Top of Data to examine

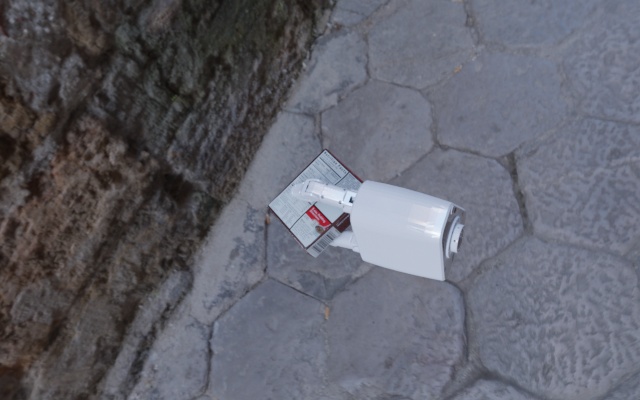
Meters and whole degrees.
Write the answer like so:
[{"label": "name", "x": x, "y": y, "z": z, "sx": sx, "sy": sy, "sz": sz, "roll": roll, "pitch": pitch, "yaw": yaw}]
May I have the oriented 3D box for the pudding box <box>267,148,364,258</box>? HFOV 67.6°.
[{"label": "pudding box", "x": 0.000, "y": 0.002, "z": 0.615, "sx": 0.090, "sy": 0.113, "sz": 0.039, "roll": 46, "pitch": -1, "yaw": 30}]
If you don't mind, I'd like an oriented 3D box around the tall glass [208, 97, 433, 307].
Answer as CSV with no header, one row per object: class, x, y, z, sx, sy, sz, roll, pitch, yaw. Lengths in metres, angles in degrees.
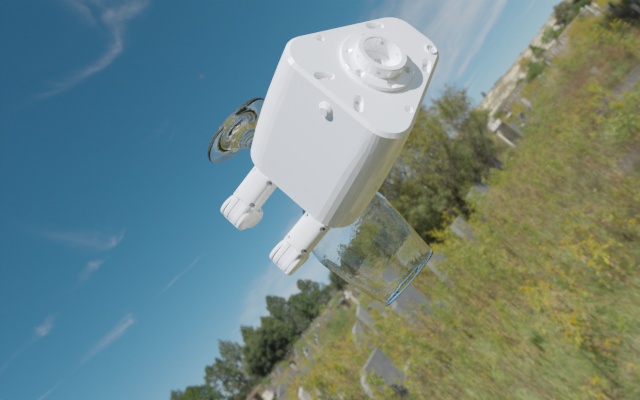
tall glass,0.000,0.001,0.414,0.201,0.079,0.079,41,7,9
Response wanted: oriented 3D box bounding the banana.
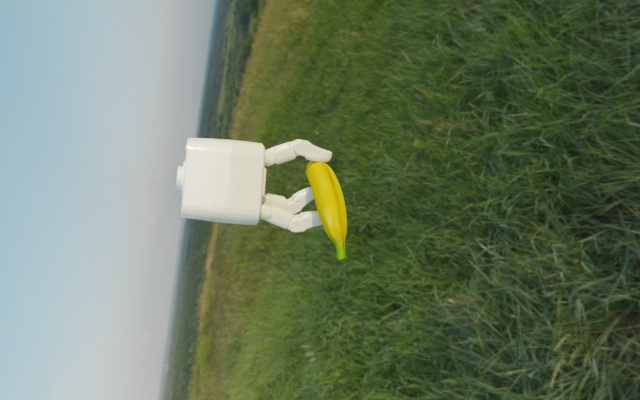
[{"bbox_3d":[0.004,-0.010,0.672,0.037,0.070,0.197,1,40,-14],"label":"banana"}]
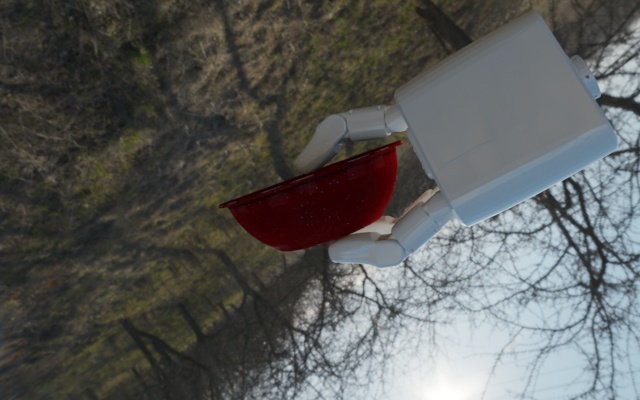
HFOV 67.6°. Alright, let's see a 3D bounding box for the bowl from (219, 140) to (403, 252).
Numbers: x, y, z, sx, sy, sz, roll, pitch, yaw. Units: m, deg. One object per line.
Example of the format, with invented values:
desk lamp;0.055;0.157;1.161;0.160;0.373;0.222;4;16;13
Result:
bowl;-0.001;0.002;0.403;0.162;0.055;0.162;-19;4;2
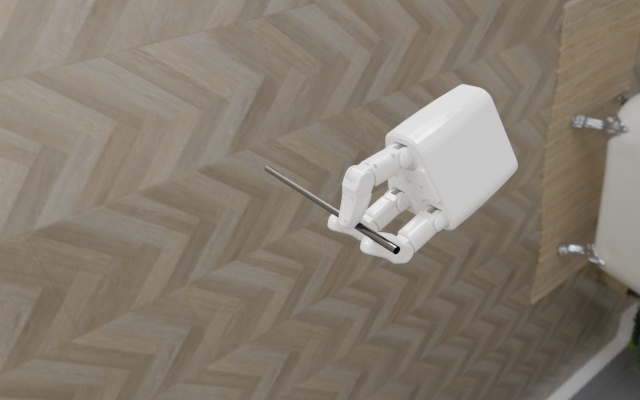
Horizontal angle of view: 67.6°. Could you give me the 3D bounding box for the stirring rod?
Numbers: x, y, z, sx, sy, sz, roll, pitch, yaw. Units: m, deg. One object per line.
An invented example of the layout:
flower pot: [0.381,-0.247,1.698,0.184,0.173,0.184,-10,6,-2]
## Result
stirring rod: [0.000,0.002,0.506,0.011,0.011,0.239,0,20,-36]
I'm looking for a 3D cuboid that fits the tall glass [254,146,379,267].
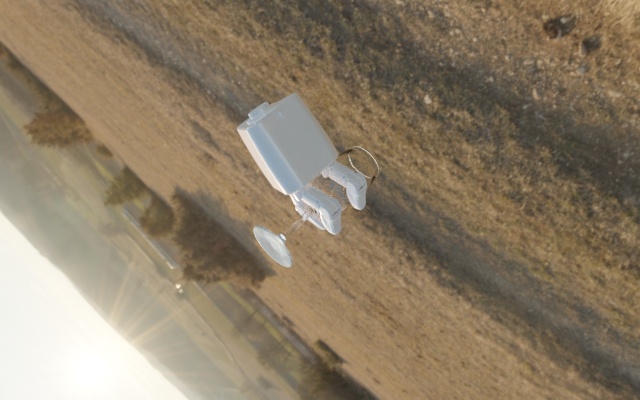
[{"bbox_3d":[0.000,0.003,0.694,0.201,0.079,0.079,-42,22,-26],"label":"tall glass"}]
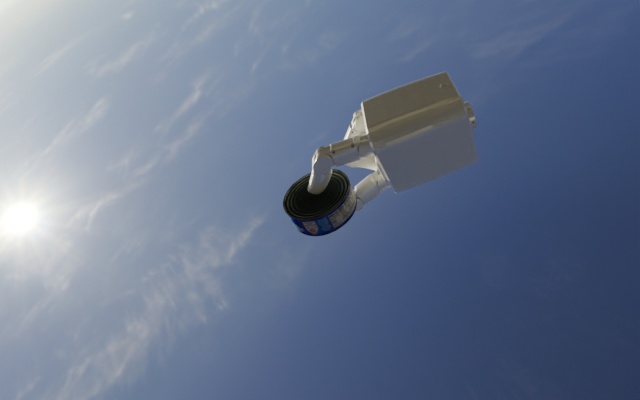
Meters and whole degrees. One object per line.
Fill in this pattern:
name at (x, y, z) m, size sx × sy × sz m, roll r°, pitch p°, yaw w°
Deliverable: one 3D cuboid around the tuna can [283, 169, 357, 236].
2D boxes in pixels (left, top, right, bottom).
tuna can at (0.000, 0.002, 0.580) m, size 0.086 × 0.086 × 0.034 m, roll 0°, pitch -44°, yaw 30°
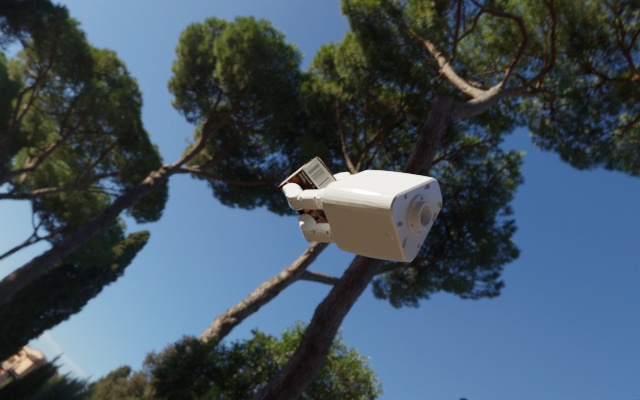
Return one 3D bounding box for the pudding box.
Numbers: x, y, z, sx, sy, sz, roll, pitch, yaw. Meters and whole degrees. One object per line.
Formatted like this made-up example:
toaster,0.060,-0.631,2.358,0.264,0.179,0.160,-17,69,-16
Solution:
pudding box,0.000,0.002,0.690,0.039,0.113,0.090,-39,4,-32
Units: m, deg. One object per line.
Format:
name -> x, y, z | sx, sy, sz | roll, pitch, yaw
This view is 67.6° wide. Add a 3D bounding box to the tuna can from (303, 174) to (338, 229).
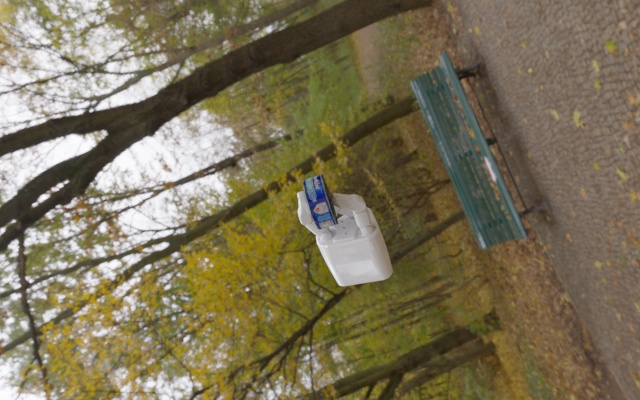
tuna can -> 0.000, 0.003, 0.771 | 0.034, 0.086, 0.086 | -18, -1, 4
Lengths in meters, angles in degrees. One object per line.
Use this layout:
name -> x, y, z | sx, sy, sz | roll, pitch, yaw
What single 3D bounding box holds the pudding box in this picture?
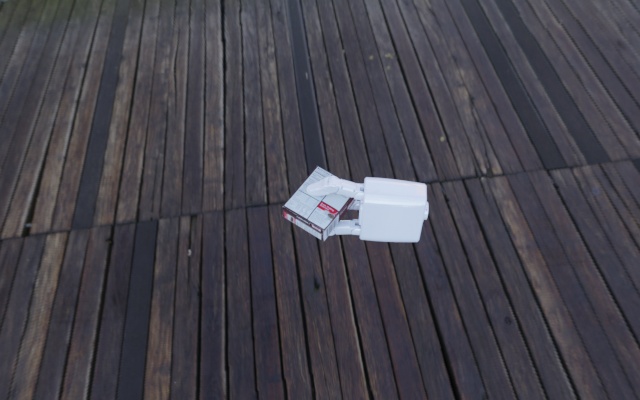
pudding box -> 0.000, 0.003, 0.843 | 0.090, 0.113, 0.039 | 30, -31, 17
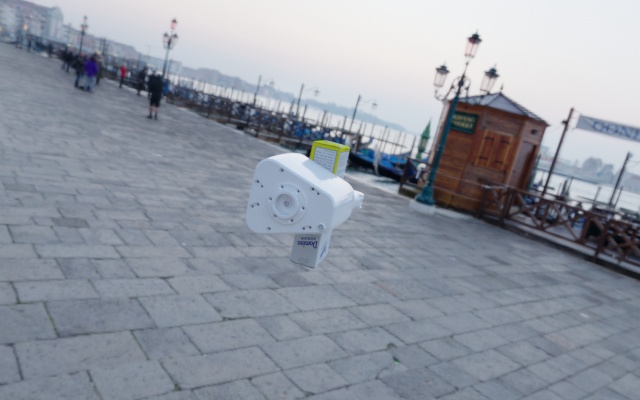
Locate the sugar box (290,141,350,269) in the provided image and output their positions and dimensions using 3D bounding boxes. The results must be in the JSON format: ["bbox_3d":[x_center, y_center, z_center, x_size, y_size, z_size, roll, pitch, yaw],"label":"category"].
[{"bbox_3d":[0.000,0.002,0.703,0.048,0.176,0.093,16,10,10],"label":"sugar box"}]
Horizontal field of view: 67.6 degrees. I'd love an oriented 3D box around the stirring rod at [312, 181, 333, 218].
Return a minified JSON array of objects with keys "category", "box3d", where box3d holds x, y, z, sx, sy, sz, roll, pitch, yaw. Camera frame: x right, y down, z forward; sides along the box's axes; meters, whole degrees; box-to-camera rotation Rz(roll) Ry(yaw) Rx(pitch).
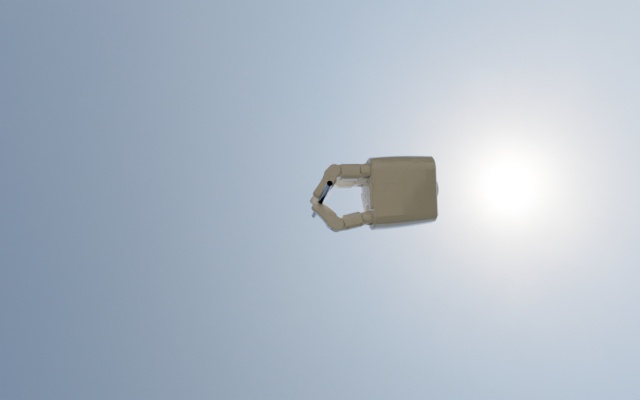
[{"category":"stirring rod","box3d":[0.000,0.003,0.756,0.011,0.011,0.239,0,-12,-6]}]
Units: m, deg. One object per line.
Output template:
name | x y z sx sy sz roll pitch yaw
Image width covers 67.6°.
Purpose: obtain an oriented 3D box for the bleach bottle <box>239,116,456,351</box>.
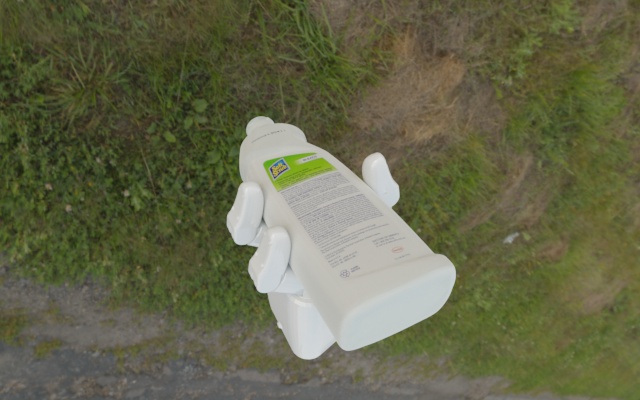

Bottom of Data to examine

Requirement:
What is needed is the whole listing again, set down exactly, without its pictures.

Answer section:
Meters and whole degrees.
Write the answer like so:
[{"label": "name", "x": x, "y": y, "z": z, "sx": sx, "sy": sy, "sz": sz, "roll": roll, "pitch": pitch, "yaw": yaw}]
May I have the oriented 3D box for the pudding box <box>267,148,364,258</box>? HFOV 67.6°.
[{"label": "pudding box", "x": 0.000, "y": 0.002, "z": 0.615, "sx": 0.090, "sy": 0.113, "sz": 0.039, "roll": 46, "pitch": -1, "yaw": 30}]
If you don't mind, I'd like an oriented 3D box around the tall glass [208, 97, 433, 307].
Answer as CSV with no header, one row per object: class, x, y, z, sx, sy, sz, roll, pitch, yaw. Lengths in metres, angles in degrees.
tall glass,0.000,0.001,0.414,0.201,0.079,0.079,41,7,9
Response wanted: oriented 3D box bounding the banana.
[{"bbox_3d":[0.004,-0.010,0.672,0.037,0.070,0.197,1,40,-14],"label":"banana"}]
HFOV 67.6°. Alright, let's see a 3D bounding box for the bowl from (219, 140) to (403, 252).
Numbers: x, y, z, sx, sy, sz, roll, pitch, yaw. Units: m, deg. One object per line.
Example of the format, with invented values:
desk lamp;0.055;0.157;1.161;0.160;0.373;0.222;4;16;13
Result:
bowl;-0.001;0.002;0.403;0.162;0.055;0.162;-19;4;2
Horizontal angle of view: 67.6°. Could you give me the 3D bounding box for the stirring rod?
Numbers: x, y, z, sx, sy, sz, roll, pitch, yaw. Units: m, deg. One object per line.
An invented example of the layout:
flower pot: [0.381,-0.247,1.698,0.184,0.173,0.184,-10,6,-2]
## Result
stirring rod: [0.000,0.002,0.506,0.011,0.011,0.239,0,20,-36]
I'm looking for a 3D cuboid that fits the tall glass [254,146,379,267].
[{"bbox_3d":[0.000,0.003,0.694,0.201,0.079,0.079,-42,22,-26],"label":"tall glass"}]
Meters and whole degrees. One object per line.
Fill in this pattern:
name at (x, y, z) m, size sx × sy × sz m, roll r°, pitch p°, yaw w°
Deliverable: one 3D cuboid around the tuna can [283, 169, 357, 236].
2D boxes in pixels (left, top, right, bottom).
tuna can at (0.000, 0.002, 0.580) m, size 0.086 × 0.086 × 0.034 m, roll 0°, pitch -44°, yaw 30°
Return one 3D bounding box for the pudding box.
Numbers: x, y, z, sx, sy, sz, roll, pitch, yaw. Meters and whole degrees. One object per line.
Formatted like this made-up example:
toaster,0.060,-0.631,2.358,0.264,0.179,0.160,-17,69,-16
Solution:
pudding box,0.000,0.002,0.690,0.039,0.113,0.090,-39,4,-32
Units: m, deg. One object per line.
Format:
name -> x, y, z | sx, sy, sz | roll, pitch, yaw
This view is 67.6° wide. Add a 3D bounding box to the tuna can from (303, 174) to (338, 229).
tuna can -> 0.000, 0.003, 0.771 | 0.034, 0.086, 0.086 | -18, -1, 4
Lengths in meters, angles in degrees. One object per line.
Use this layout:
name -> x, y, z | sx, sy, sz | roll, pitch, yaw
What single 3D bounding box holds the pudding box in this picture?
pudding box -> 0.000, 0.003, 0.843 | 0.090, 0.113, 0.039 | 30, -31, 17
Locate the sugar box (290,141,350,269) in the provided image and output their positions and dimensions using 3D bounding boxes. The results must be in the JSON format: ["bbox_3d":[x_center, y_center, z_center, x_size, y_size, z_size, roll, pitch, yaw],"label":"category"].
[{"bbox_3d":[0.000,0.002,0.703,0.048,0.176,0.093,16,10,10],"label":"sugar box"}]
Horizontal field of view: 67.6 degrees. I'd love an oriented 3D box around the stirring rod at [312, 181, 333, 218].
Return a minified JSON array of objects with keys "category", "box3d", where box3d holds x, y, z, sx, sy, sz, roll, pitch, yaw. Camera frame: x right, y down, z forward; sides along the box's axes; meters, whole degrees; box-to-camera rotation Rz(roll) Ry(yaw) Rx(pitch).
[{"category":"stirring rod","box3d":[0.000,0.003,0.756,0.011,0.011,0.239,0,-12,-6]}]
Units: m, deg. One object per line.
Output template:
name | x y z sx sy sz roll pitch yaw
Image width covers 67.6°.
Purpose: obtain an oriented 3D box for the bleach bottle <box>239,116,456,351</box>.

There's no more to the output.